At the same time, relational feminist pedagogy and participatory learning as methods or ideals have continued to be influential in the field. The ideal learning situation is described as 'transformative' in nature; both students and teachers learn from each other and bear mutual responsibility for learning according to contemporary pedagogical theories. Drawing on feminist and intersectional pedagogy, it can be argued that learning should be dangerous because it has the potential to radically change one's personal view of oneself and society. This is also the aim of many gender studies courses, which follow 'consciousness-raising' methods dating back to the 1970s. Feminist pedagogy thus seems to be at odds with demands for a safer classroom. “Safety” from this critical perspective can even turn into ‘comfort’ and avoidance of talking about sensitive topics, which hinders learning, critical dialogue and social change. Another pedagogical tradition in a similar vein is norm-critical pedagogy, which draws attention to societal norms and expectations and focuses learning on becoming aware of harmful norms in order to change them. Safety could be understood as such a norm, although it is rarely formulated as such.

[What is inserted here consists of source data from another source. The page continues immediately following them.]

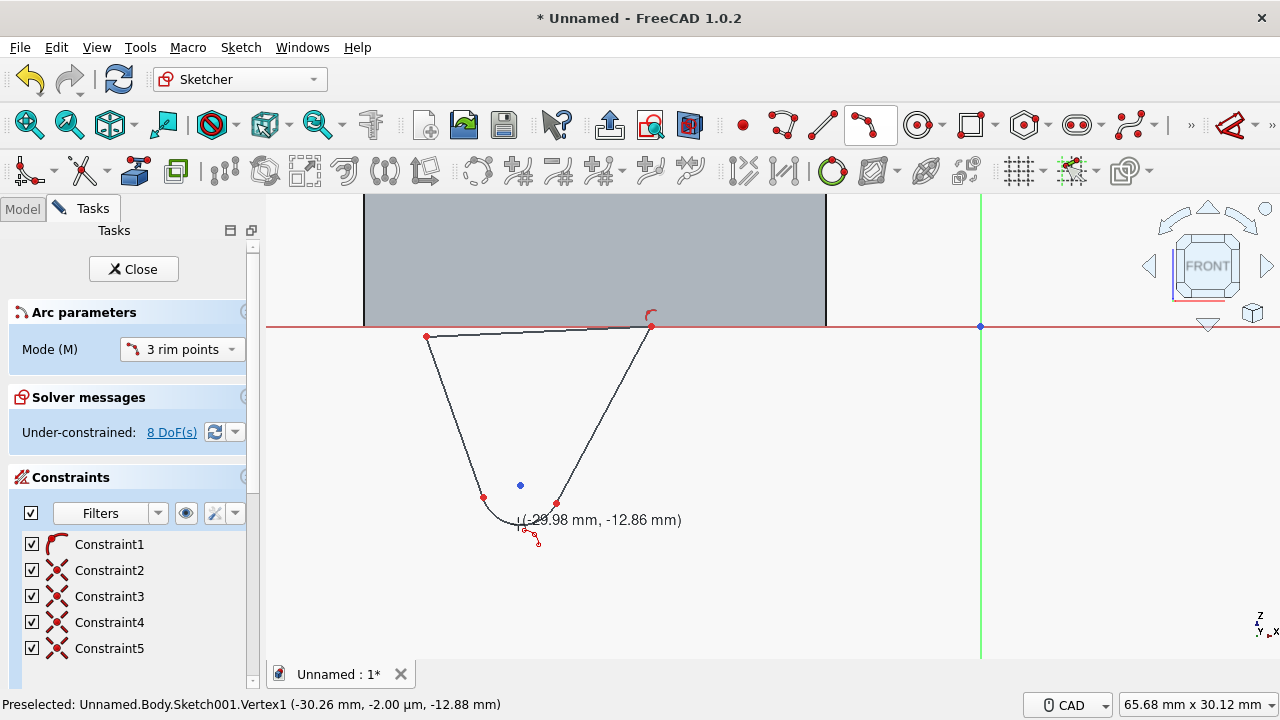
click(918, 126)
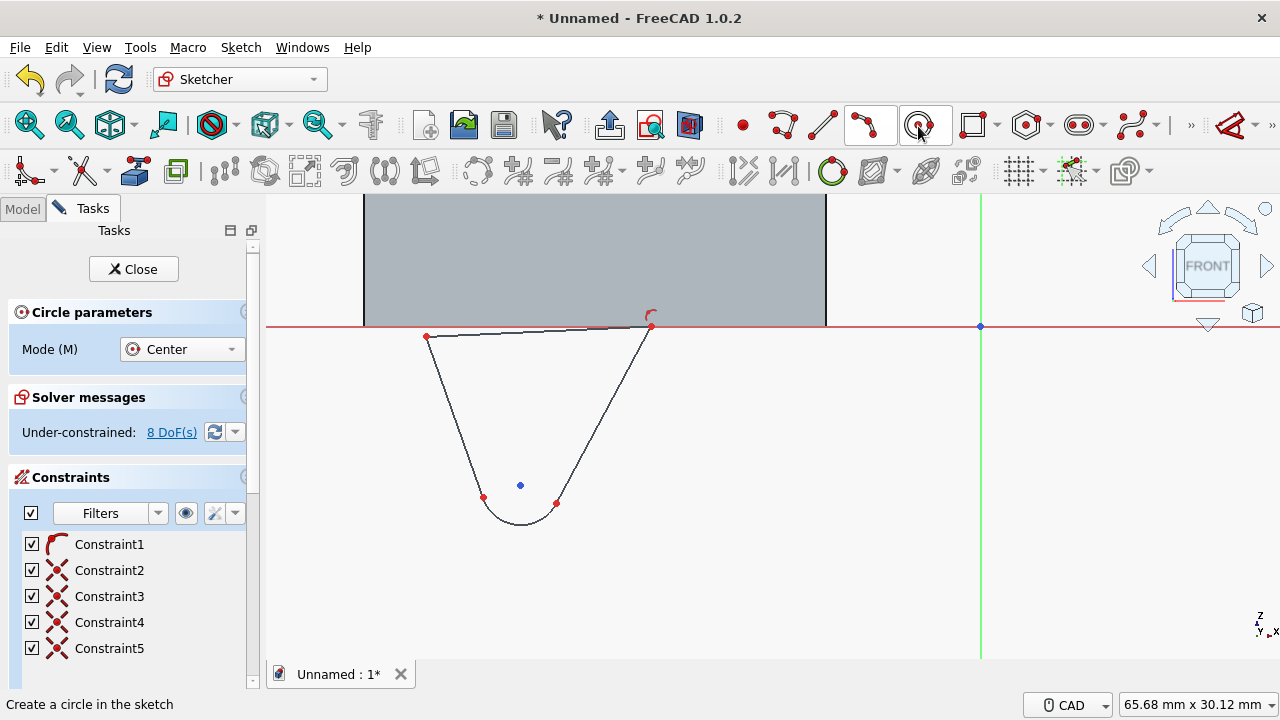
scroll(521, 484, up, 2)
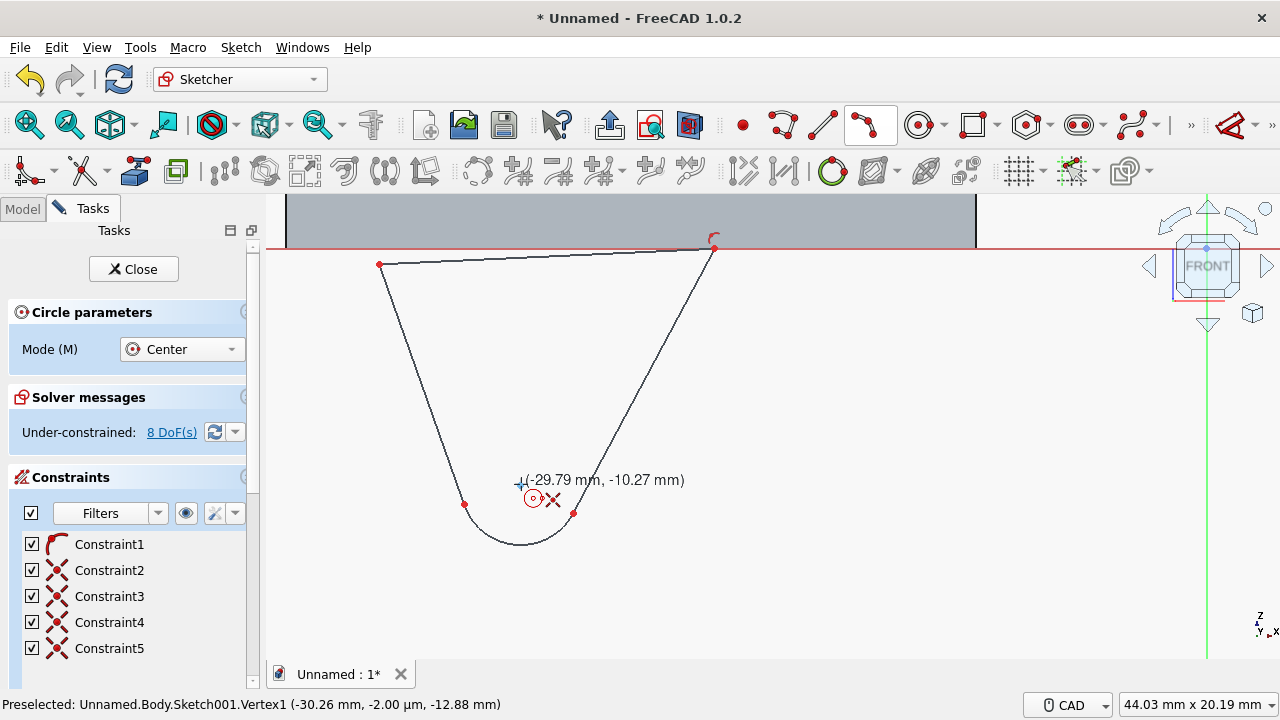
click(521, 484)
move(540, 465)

This brief overview of two idealized learning situations, one emphasizing freedom from harm and safety, the other transgression and transformation, raises questions about how contested paradigms of learning are experienced by both teachers and students. This is where this research project intervenes with the aim of mapping and trying to understand: How can the ideals that characterize contemporary higher education - creating a 'safe' learning environment where students are protected from harmful content while creating learning situations that are transformative - be understood, and what are the consequences of current pedagogical and societal discourses on safety, danger and vulnerability for university teachers and students? This project asks whether the conflict between what could be called two paradigms of knowledge creation in the classroom is not in fact an opportunity for critique, a tension that should be maintained rather than managed or defused.

This project focuses specifically on Swedish universities and pedagogical discourse, linking them to international conversations about theory and public discourse. I continue on a line of inquiry laid out by security researchers with a Gender Studies focus at Umeå University and extend it further, to the classroom of higher education. The focus is on pedagogical norms, tools and learning environment. Comparisons to other spheres, such as discourses on American campus activities and learning spaces, will be made when relevant.

Theoretically, this project is informed by recent feminist research on New Public Management and security creation in public space, with a particular focus on Swedish cases and Swedish pedagogy, as well as feminist pedagogies of transformation and difference, especially in a Swedish setting, and feminist intersectional theories of power and power structures/strata in research and education. Methodologically, the project mobilizes critical discourse theory and philosophy of education as well as gender studies ways of reading policy documents, debate texts in media and research.

The results of the research project will be presented as peer-reviewed articles in scientific journals in English and Swedish, and reviewed at international conferences of interest.